SEI argues that interpreting Section 10.1 to require mutual agreement renders its extension clause superfluous because the parties would be free to enter into a new mutual agreement even without specifying their ability to do so in the Agreement. See Galli v. Metz, 973 F.2d 145, 149 (2d Cir. 1992) ("Under New York law an interpretation of a contract that has the effect of rendering at least one clause superfluous or meaningless is not preferred and will be avoided if possible."). But the mutual agreement interpretation suggested by TVP renders the extension provision neither meaningless nor superfluous; under this interpretation, the clause (1) specifies that any extension beyond the initial period is not automatic and must be mutually agreed upon, and (2) sets a standard extension term of 10 years.
Finally, SEI argues that the district court erred in failing to consider and misconstruing extrinsic evidence of the parties' contractual intent.
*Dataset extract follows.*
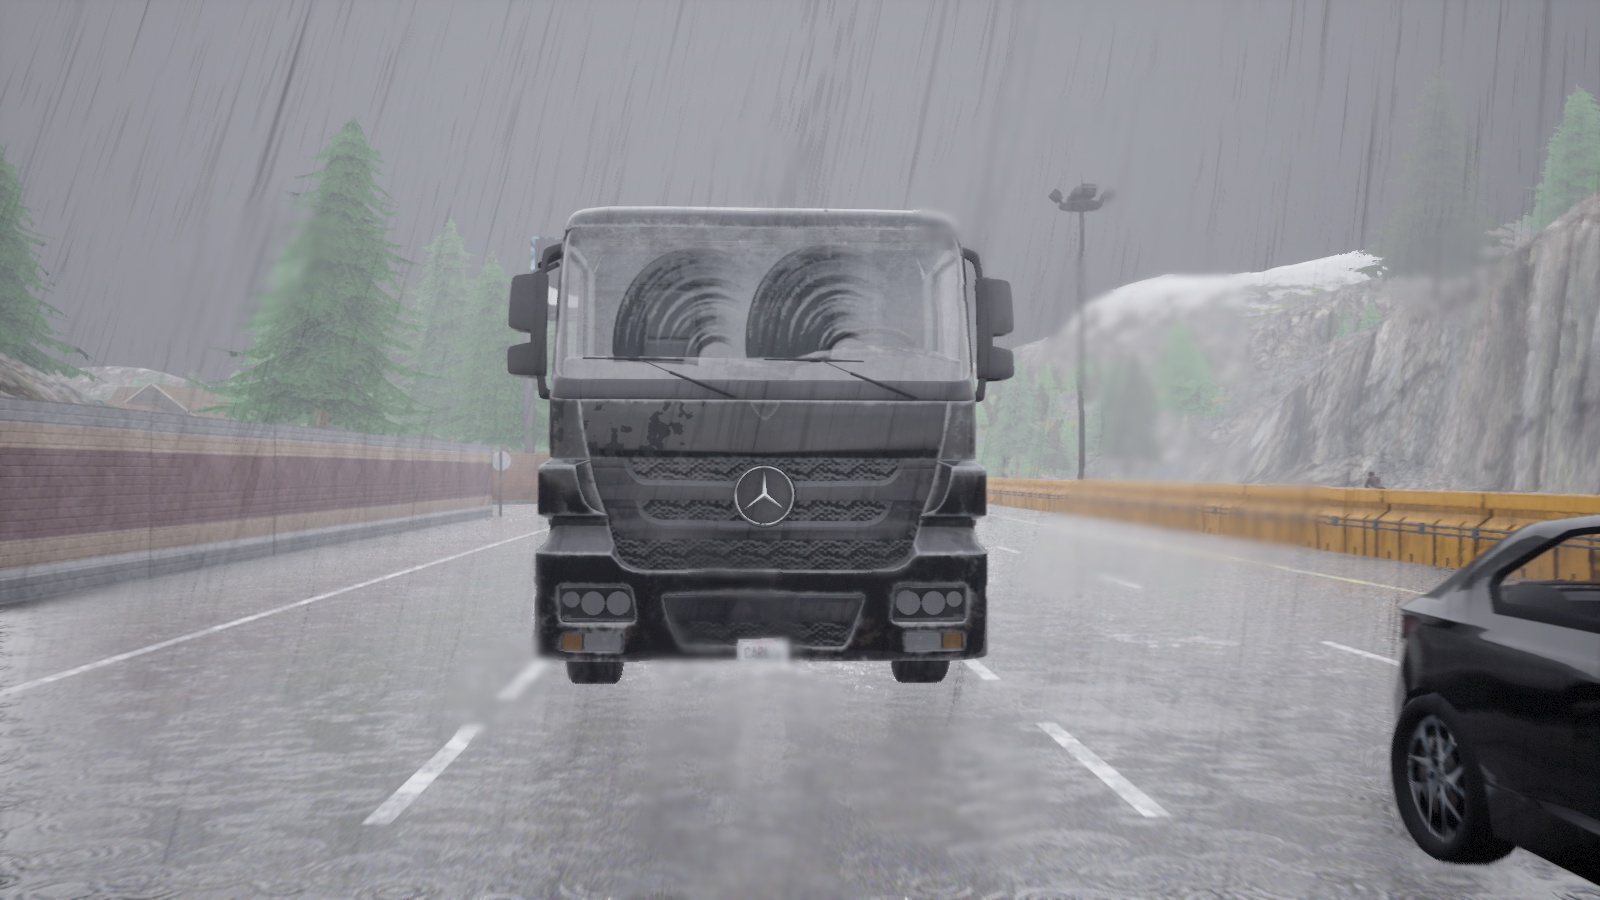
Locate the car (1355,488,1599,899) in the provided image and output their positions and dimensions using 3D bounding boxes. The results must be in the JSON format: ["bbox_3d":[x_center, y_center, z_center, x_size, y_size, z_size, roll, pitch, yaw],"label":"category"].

However, the district court, while making clear that its resolution of the motion was "not premised on parol evidence," noted that the extrinsic evidence submitted "d[id] not suggest that the Agreement was intended to grant either side the unilateral right to perpetually extend the Agreement in ten-year increments." Special App'x 13. We identify no error in this conclusion, nor in the district court's decision not to premise its ruling on parol evidence given that the provision at issue in the contract was not ambiguous. Moreover, the Agreement contained an integration clause, which ordinarily acts to exclude consideration of extrinsic evidence. See Primex Int'l Corp. v. Wal-Mart Stores, Inc., 89 N.Y.2d 594, 599-600 (N.Y. 1997) (An integration clause indicates "the parties' intent that the [a]greement is to be considered a completely integrated writing" and "[a] completely integrated contract precludes extrinsic proof to add to or vary its terms.").
Accordingly, we conclude that the district court did not abuse its discretion in denying SEI's motion for a preliminary injunction. We have considered all of SEI's remaining contentions on appeal and have found in them no grounds for reversal. For the foregoing reasons, the order of the district court is AFFIRMED.
We also reject TVP's invitation to take the unusual step of remanding to the district court with instructions to direct the entry of final judgment in TVP's favor, despite the facts that TVP never moved to dismiss the complaint below and that TVP's motion for summary judgment below was stricken for failure to comply with the district court's requirements.